In his State of the State speech, the governor proposed devoting the lion’s share of a $1 billion housing allocation to two funds overseen by the Hawaii Housing Finance and Development Corp. The idea was to deposit $400 million into the state’s rental housing trust fund to develop rental units and $500 million would go to the dwelling unit revolving fund, used to pay for infrastructure improvements for developers who agree to build affordable housing units.

Dela Cruz is pushing a different approach. His preferred vehicle, Senate Bill 1191, would funnel as much as $750 million to the Hawaii Community Development Authority to direct to a variety of specific infrastructure projects around the state. Titled “Relating To Transit-Oriented Development,” the bill proposes funding for projects along the Honolulu rail line and other locations, such as the Kahului civic center on Maui and the Kailua-Kona Civic Center. It also directs money to improvements at Kewalo Basin in Kakaako Makai.

The bill has received support from agencies like the Hawaii State Energy Office, Hawaii Housing Finance and Development Corp., and Office of Planning and Sustainable Development, although with some caveats.

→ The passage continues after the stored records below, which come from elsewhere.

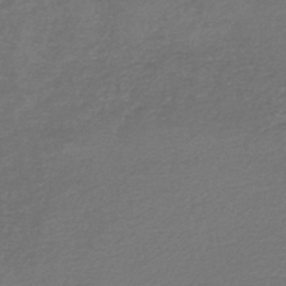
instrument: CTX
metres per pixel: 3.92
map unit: lHb
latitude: -45.8045
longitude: 68.7274
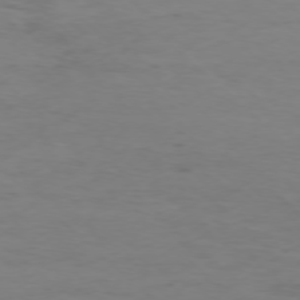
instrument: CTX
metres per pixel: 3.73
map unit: Ap
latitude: -76.4440
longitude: -67.2159
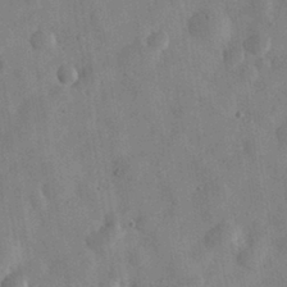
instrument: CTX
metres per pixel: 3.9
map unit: eHh
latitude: 30.6680
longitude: -75.7450
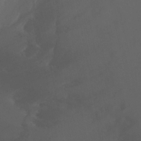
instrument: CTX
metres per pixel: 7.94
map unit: Hto
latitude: -2.9730
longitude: -34.4412
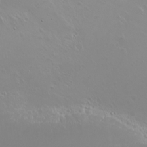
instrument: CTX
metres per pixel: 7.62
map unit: Nhu
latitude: -4.9541
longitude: -79.2159
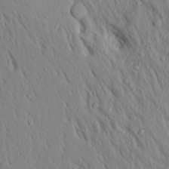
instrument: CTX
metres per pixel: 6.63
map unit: Aa
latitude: 19.5371
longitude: -148.4223
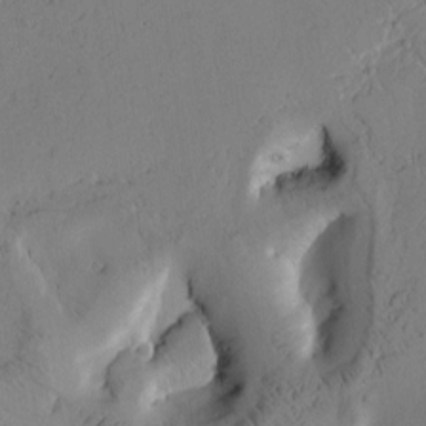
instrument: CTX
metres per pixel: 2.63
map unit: Htu
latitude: -3.1998
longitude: 169.8800
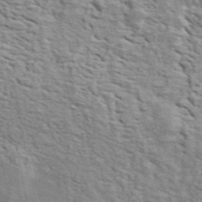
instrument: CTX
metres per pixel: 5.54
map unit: ANa
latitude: 49.2348
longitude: -82.4034
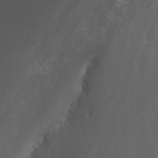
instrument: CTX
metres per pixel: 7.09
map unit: Nhu
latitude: -12.8597
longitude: -66.1577
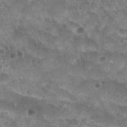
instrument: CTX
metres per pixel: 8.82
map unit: Nhu
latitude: 28.4790
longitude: -55.1592
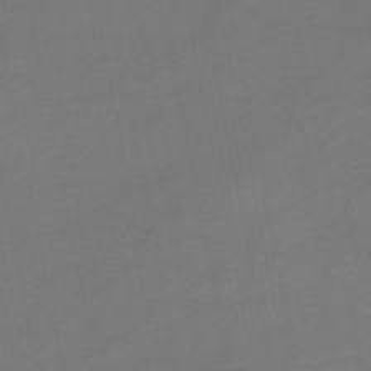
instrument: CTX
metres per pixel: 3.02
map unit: HNhu
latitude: -48.6141
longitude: 100.7274
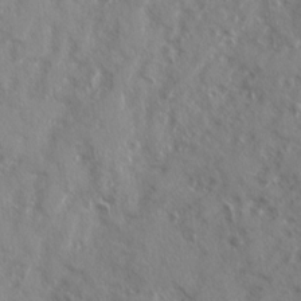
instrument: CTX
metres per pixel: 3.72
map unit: Ave
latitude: 13.0270
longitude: -101.5182
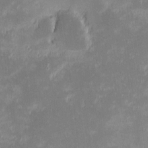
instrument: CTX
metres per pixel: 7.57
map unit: eHh
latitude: -1.5399
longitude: -84.7246
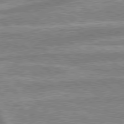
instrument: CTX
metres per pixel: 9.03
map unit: lApd
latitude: 79.4049
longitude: -170.4979
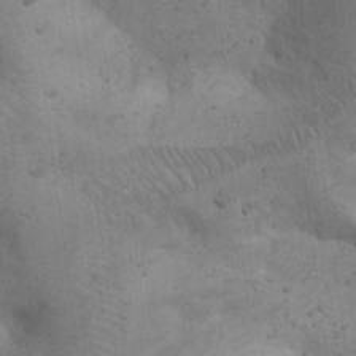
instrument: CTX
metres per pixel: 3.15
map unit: Hto
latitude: 13.5749
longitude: -55.9339
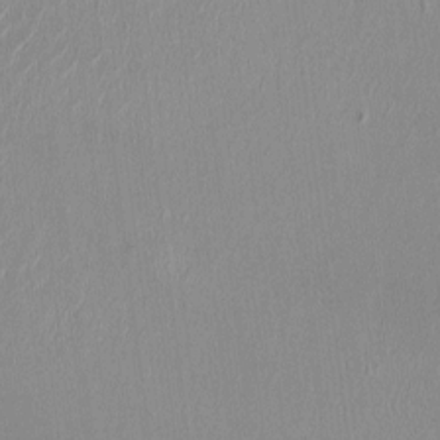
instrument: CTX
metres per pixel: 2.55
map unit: HNhu
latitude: -1.5588
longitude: -7.8016
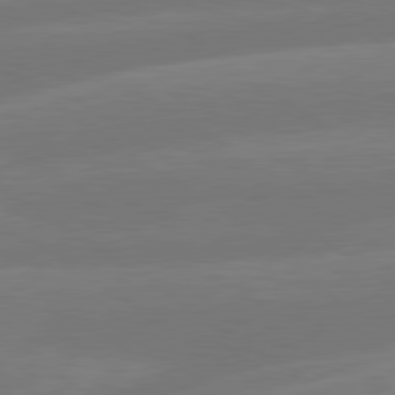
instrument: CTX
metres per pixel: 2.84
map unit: lApd
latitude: 79.8961
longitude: -149.1214
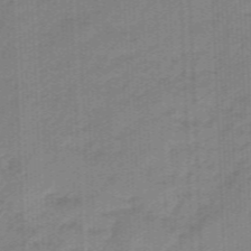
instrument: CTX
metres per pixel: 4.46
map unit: eHb
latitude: -46.1417
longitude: 83.2565
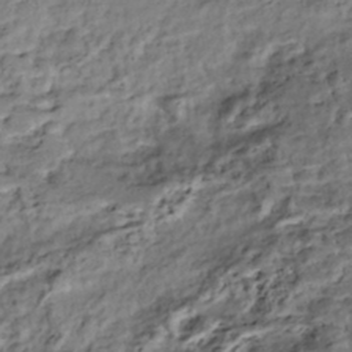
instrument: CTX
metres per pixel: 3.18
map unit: Nhe
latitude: -46.3117
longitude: 153.3320
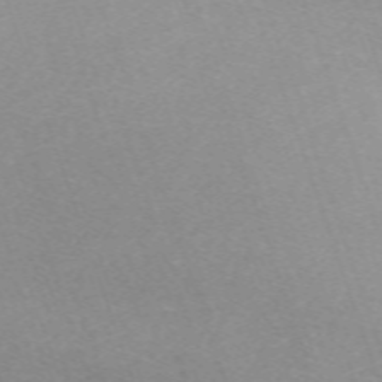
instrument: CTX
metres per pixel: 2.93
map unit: eHh
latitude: -64.8408
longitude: 50.3495
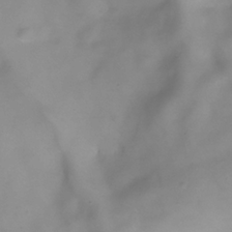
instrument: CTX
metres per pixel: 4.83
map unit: Hve
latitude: -31.5210
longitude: 94.3306
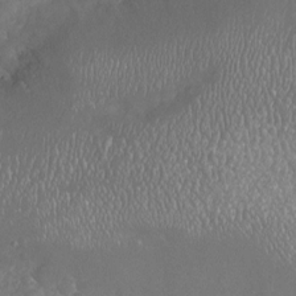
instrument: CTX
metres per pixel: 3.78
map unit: Nhu
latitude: -17.4644
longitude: -57.8961
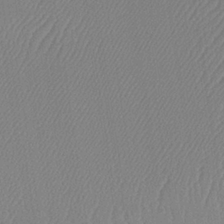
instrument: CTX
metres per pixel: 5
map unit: lHb
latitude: -34.9353
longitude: 66.7652
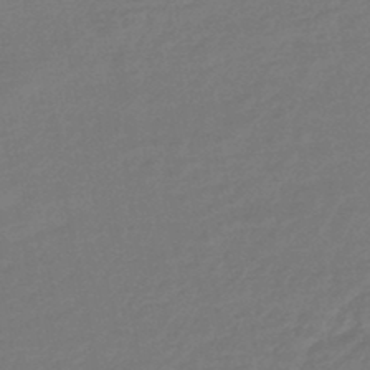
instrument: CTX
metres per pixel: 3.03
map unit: HNhu
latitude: -45.8422
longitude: 90.1795
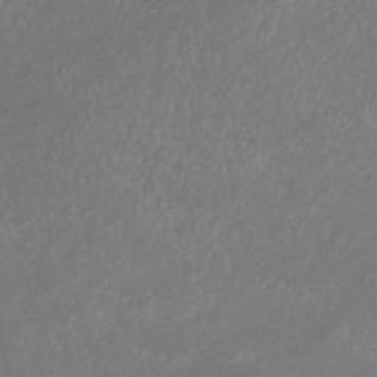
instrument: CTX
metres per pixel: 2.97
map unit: lHb
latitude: -37.9178
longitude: 73.4832
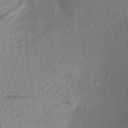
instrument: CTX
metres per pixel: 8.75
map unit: Aa
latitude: 20.3090
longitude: -144.5357
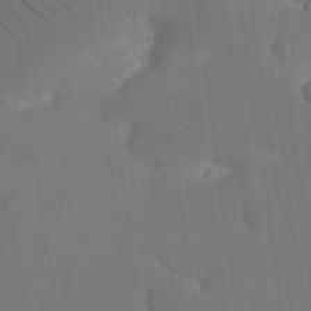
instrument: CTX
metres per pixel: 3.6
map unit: eHh
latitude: 18.5545
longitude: -67.5371
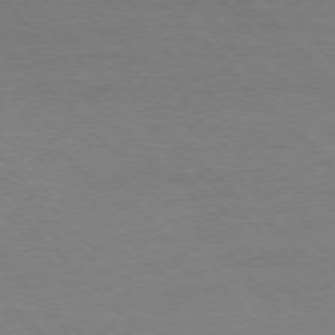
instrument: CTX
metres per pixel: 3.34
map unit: Ap
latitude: -77.2943
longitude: -86.9702
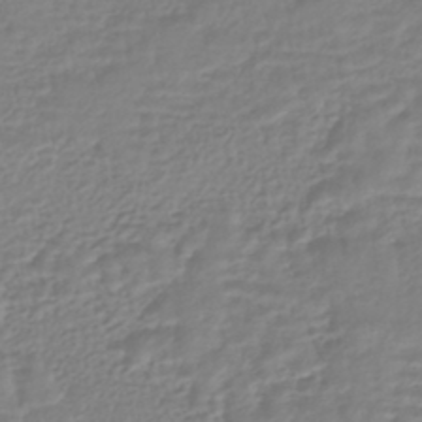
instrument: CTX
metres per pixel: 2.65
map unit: HNhu
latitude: -44.0094
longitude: 105.2187
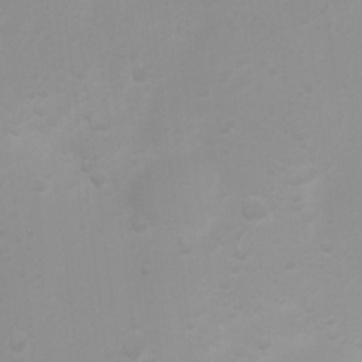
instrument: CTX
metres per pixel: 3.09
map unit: Ht
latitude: 3.5560
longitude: -22.9514
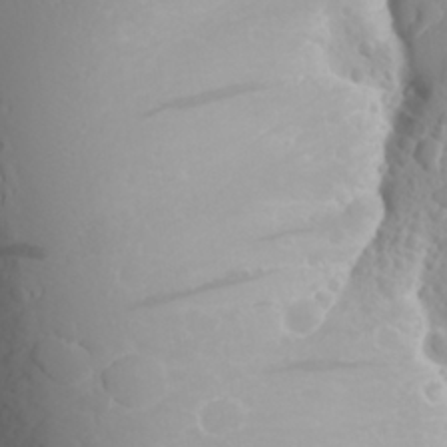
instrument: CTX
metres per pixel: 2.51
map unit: Aa
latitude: 24.7057
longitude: -146.2901
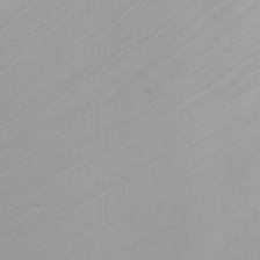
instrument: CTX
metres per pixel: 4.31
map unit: Nhu
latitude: -4.1039
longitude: -84.8191
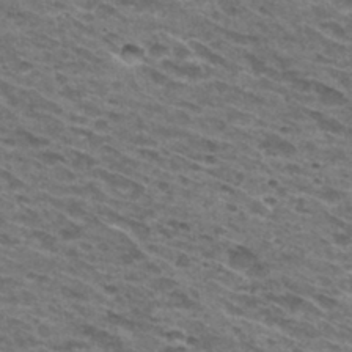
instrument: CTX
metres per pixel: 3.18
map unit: Hto
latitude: 31.7072
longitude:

Scott Glenn, the acting director of the Office of Planning and Sustainable Development, whose nomination remains pending, has suggested lawmakers provide money to the planning office to manage, rather than to specific projects.

He cited past legislative practice in suggesting that instead of targeting specific transit-oriented development projects, a “lump-sum be appropriated” to the planning office “as grants for planning, infrastructure feasibility, and environmental studies for projects in the State TOD Strategic Plan.”

“The OPSD has a strong track record of awarding and administering planning grant funds to State and county agencies with the guidance of the Hawaiʻi Interagency Council for Transit-Oriented Development (TOD Council),” Glenn wrote.

In an interview, Dela Cruz insisted that the focus on infrastructure in SB 1191 was the most efficient way to support housing development by focusing on “smart growth” rather than sprawl.

“We want to try to eliminate urban sprawl, and we want to focus on efficient development that’s affordable,” he said.